According to Chengdu city's regulations, the first out-of-pocket expenses for individuals include four areas of cost expenditures. First, the use of non-surgical single price of more than 200 yuan of examination, treatment items 20% of the cost; second is the implementation of a single price of more than 1,000 yuan of surgical fees 10% of the cost; third is the use of the national and provincial provisions of the "basic medical insurance drug list" in the cost of 10% of the cost of Category B drugs; fourth is the use of special medical materials and the implementation of the integrated fund to pay part of the cost of diagnostic and treatment items should be paid by the individual The fourth is the use of special medical materials and the implementation of the coordinated fund to pay part of the cost of diagnostic and treatment items should be paid by individuals.

According to current regulations, hospitalization costs do not require the insured to pay the full cost of the hospitalization, and then go to the medical insurance department for reimbursement after being discharged from the hospital.
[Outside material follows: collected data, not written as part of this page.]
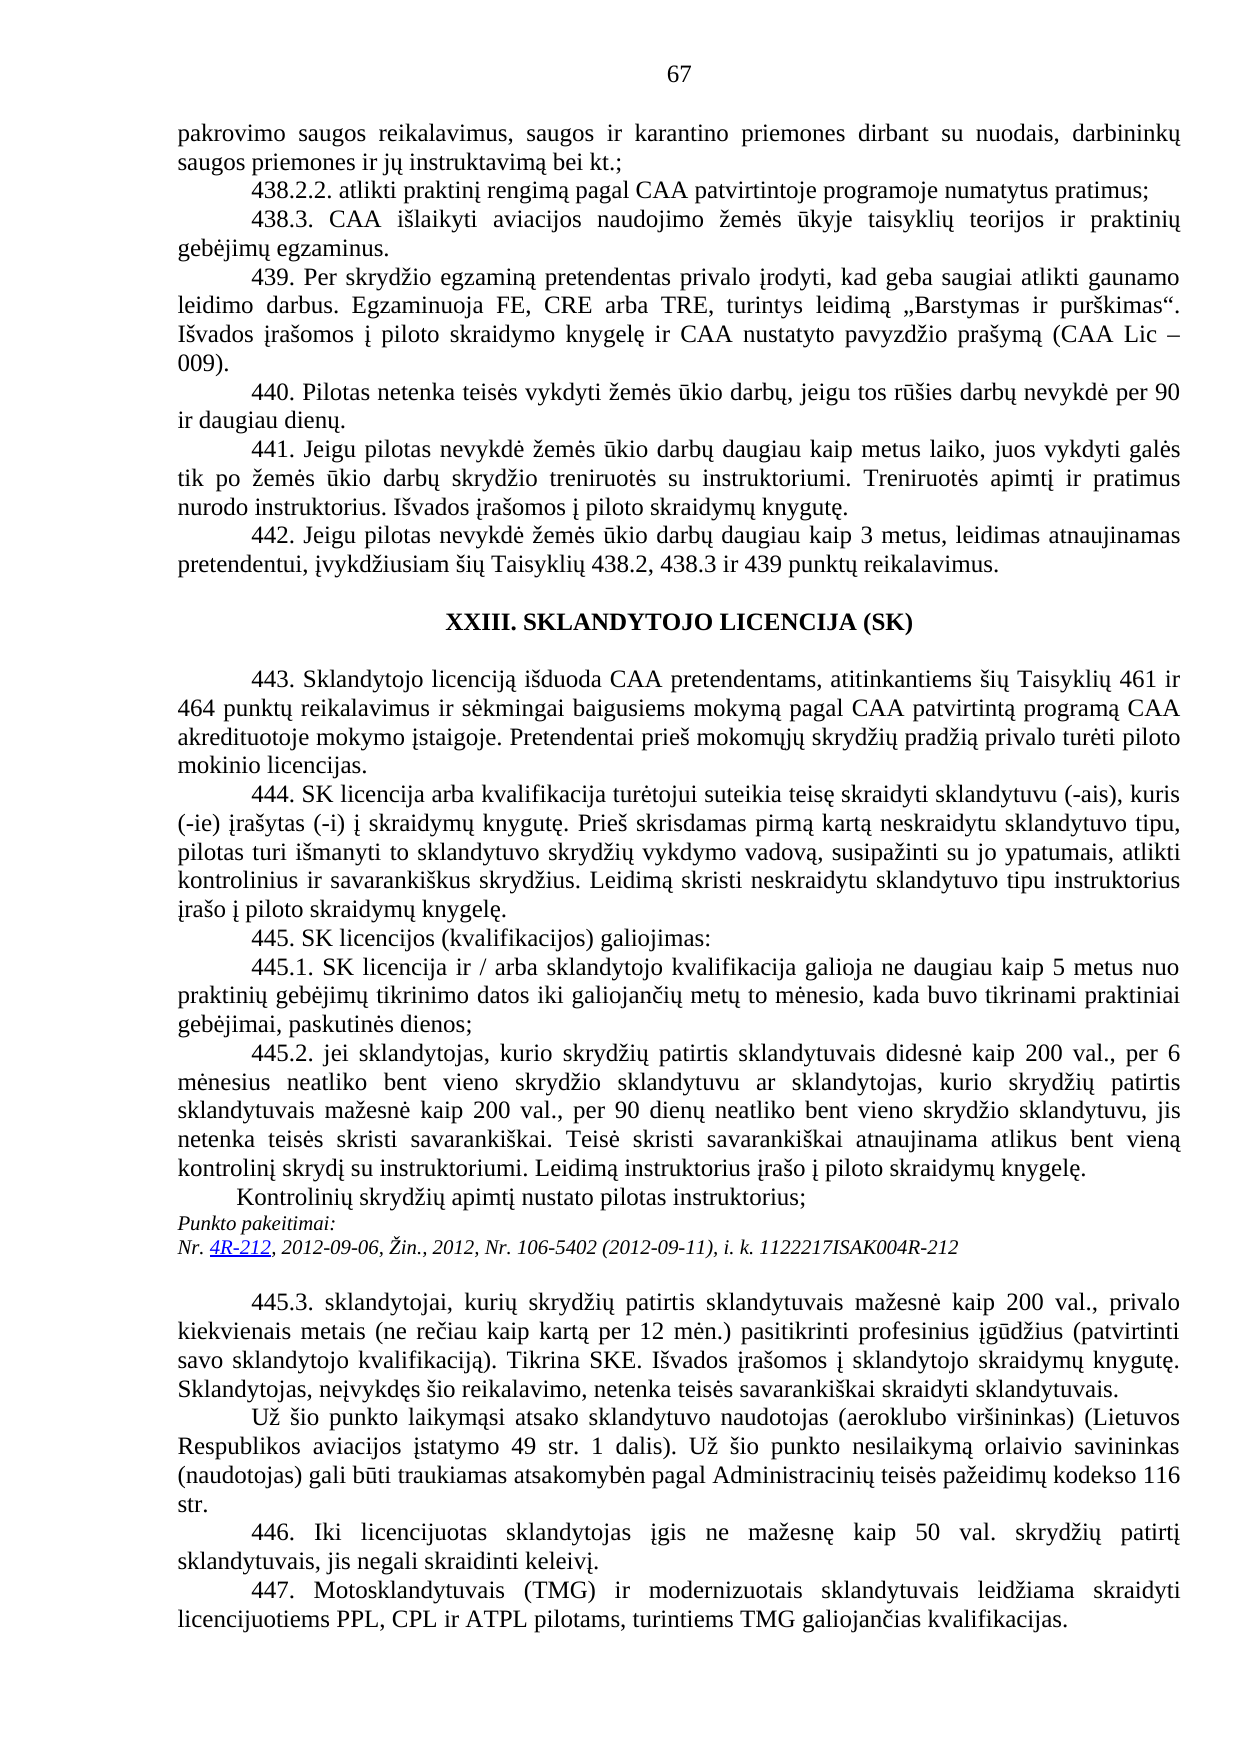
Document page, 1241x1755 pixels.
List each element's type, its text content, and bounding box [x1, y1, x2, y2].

text 445. SK licencijos (kvalifikacijos) galiojimas: [177, 923, 1181, 952]
text Kontrolinių skrydžių apimtį nustato pilotas instruktorius; [177, 1182, 1181, 1211]
text 440. Pilotas netenka teisės vykdyti žemės ūkio darbų, jeigu tos rūšies darbų nevykdė per 90 ir daugiau dienų. [177, 377, 1181, 434]
text 447. Motosklandytuvais (TMG) ir modernizuotais sklandytuvais leidžiama skraidyti licencijuotiems PPL, CPL ir ATPL pilotams, turintiems TMG galiojančias kvalifikacijas. [177, 1575, 1181, 1632]
text 438.2.2. atlikti praktinį rengimą pagal CAA patvirtintoje programoje numatytus pratimus; [177, 176, 1181, 204]
text 445.3. sklandytojai, kurių skrydžių patirtis sklandytuvais mažesnė kaip 200 val., privalo kiekvienais metais (ne rečiau kaip kartą per 12 mėn.) pasitikrinti profesinius įgūdžius (patvirtinti savo sklandytojo kvalifikaciją). Tikrina SKE. Išvados įrašomos į sklandytojo skraidymų knygutę. Sklandytojas, neįvykdęs šio reikalavimo, netenka teisės savarankiškai skraidyti sklandytuvais. [177, 1287, 1181, 1402]
text 443. Sklandytojo licenciją išduoda CAA pretendentams, atitinkantiems šių Taisyklių 461 ir 464 punktų reikalavimus ir sėkmingai baigusiems mokymą pagal CAA patvirtintą programą CAA akredituotoje mokymo įstaigoje. Pretendentai prieš mokomųjų skrydžių pradžią privalo turėti piloto mokinio licencijas. [177, 664, 1181, 779]
text 445.1. SK licencija ir / arba sklandytojo kvalifikacija galioja ne daugiau kaip 5 metus nuo praktinių gebėjimų tikrinimo datos iki galiojančių metų to mėnesio, kada buvo tikrinami praktiniai gebėjimai, paskutinės dienos; [177, 952, 1181, 1038]
text 438.3. CAA išlaikyti aviacijos naudojimo žemės ūkyje taisyklių teorijos ir praktinių gebėjimų egzaminus. [177, 204, 1181, 262]
text 439. Per skrydžio egzaminą pretendentas privalo įrodyti, kad geba saugiai atlikti gaunamo leidimo darbus. Egzaminuoja FE, CRE arba TRE, turintys leidimą „Barstymas ir purškimas“. Išvados įrašomos į piloto skraidymo knygelę ir CAA nustatyto pavyzdžio prašymą (CAA Lic – 009). [177, 262, 1181, 377]
text 445.2. jei sklandytojas, kurio skrydžių patirtis sklandytuvais didesnė kaip 200 val., per 6 mėnesius neatliko bent vieno skrydžio sklandytuvu ar sklandytojas, kurio skrydžių patirtis sklandytuvais mažesnė kaip 200 val., per 90 dienų neatliko bent vieno skrydžio sklandytuvu, jis netenka teisės skristi savarankiškai. Teisė skristi savarankiškai atnaujinama atlikus bent vieną kontrolinį skrydį su instruktoriumi. Leidimą instruktorius įrašo į piloto skraidymų knygelę. [177, 1038, 1181, 1182]
text pakrovimo saugos reikalavimus, saugos ir karantino priemones dirbant su nuodais, darbininkų saugos priemones ir jų instruktavimą bei kt.; [177, 118, 1181, 176]
text 446. Iki licencijuotas sklandytojas įgis ne mažesnę kaip 50 val. skrydžių patirtį sklandytuvais, jis negali skraidinti keleivį. [177, 1517, 1181, 1575]
text XXIII. SKLANDYTOJO LICENCIJA (SK) [177, 607, 1181, 636]
text 442. Jeigu pilotas nevykdė žemės ūkio darbų daugiau kaip 3 metus, leidimas atnaujinamas pretendentui, įvykdžiusiam šių Taisyklių 438.2, 438.3 ir 439 punktų reikalavimus. [177, 521, 1181, 578]
text Punkto pakeitimai: [177, 1211, 1181, 1235]
text Už šio punkto laikymąsi atsako sklandytuvo naudotojas (aeroklubo viršininkas) (Lietuvos Respublikos aviacijos įstatymo 49 str. 1 dalis). Už šio punkto nesilaikymą orlaivio savininkas (naudotojas) gali būti traukiamas atsakomybėn pagal Administracinių teisės pažeidimų kodekso 116 str. [177, 1402, 1181, 1517]
text Nr. 4R-212, 2012-09-06, Žin., 2012, Nr. 106-5402 (2012-09-11), i. k. 1122217ISAK004R-212 [177, 1235, 1181, 1259]
text 444. SK licencija arba kvalifikacija turėtojui suteikia teisę skraidyti sklandytuvu (-ais), kuris (-ie) įrašytas (-i) į skraidymų knygutę. Prieš skrisdamas pirmą kartą neskraidytu sklandytuvo tipu, pilotas turi išmanyti to sklandytuvo skrydžių vykdymo vadovą, susipažinti su jo ypatumais, atlikti kontrolinius ir savarankiškus skrydžius. Leidimą skristi neskraidytu sklandytuvo tipu instruktorius įrašo į piloto skraidymų knygelę. [177, 779, 1181, 923]
text 441. Jeigu pilotas nevykdė žemės ūkio darbų daugiau kaip metus laiko, juos vykdyti galės tik po žemės ūkio darbų skrydžio treniruotės su instruktoriumi. Treniruotės apimtį ir pratimus nurodo instruktorius. Išvados įrašomos į piloto skraidymų knygutę. [177, 434, 1181, 521]

The process of reimbursement is the same regardless of whether you are enrolled in employee health insurance or urban and rural residents' health insurance, as long as you are hospitalized in a hospital within the same coordinating area. The patient only needs to pay the threshold fee (the starting standard), the personal payment, and the medical insurance fund pays the rest of the expenses above the starting standard on a pro rata basis. All of this is settled in real time at the hospital, without the need for hospitalized patients or their families to run around.

In summary, the inpatient hospital in the discharge procedures, the hospital to the unified settlement of hospital costs, in the settlement of costs, the hospital will print a list to the inpatient or family members, which indicates the total cost of how much, which the health insurance reimbursement of how much money and other information. In the settlement of hospitalization fees, the reimbursement of the costs have been advanced by the hospital, the patient no longer need to handle the reimbursement procedures after discharge. This is to simplify the reimbursement process, eliminating the patient's family to run back and forth for reimbursement procedures is very meaningful.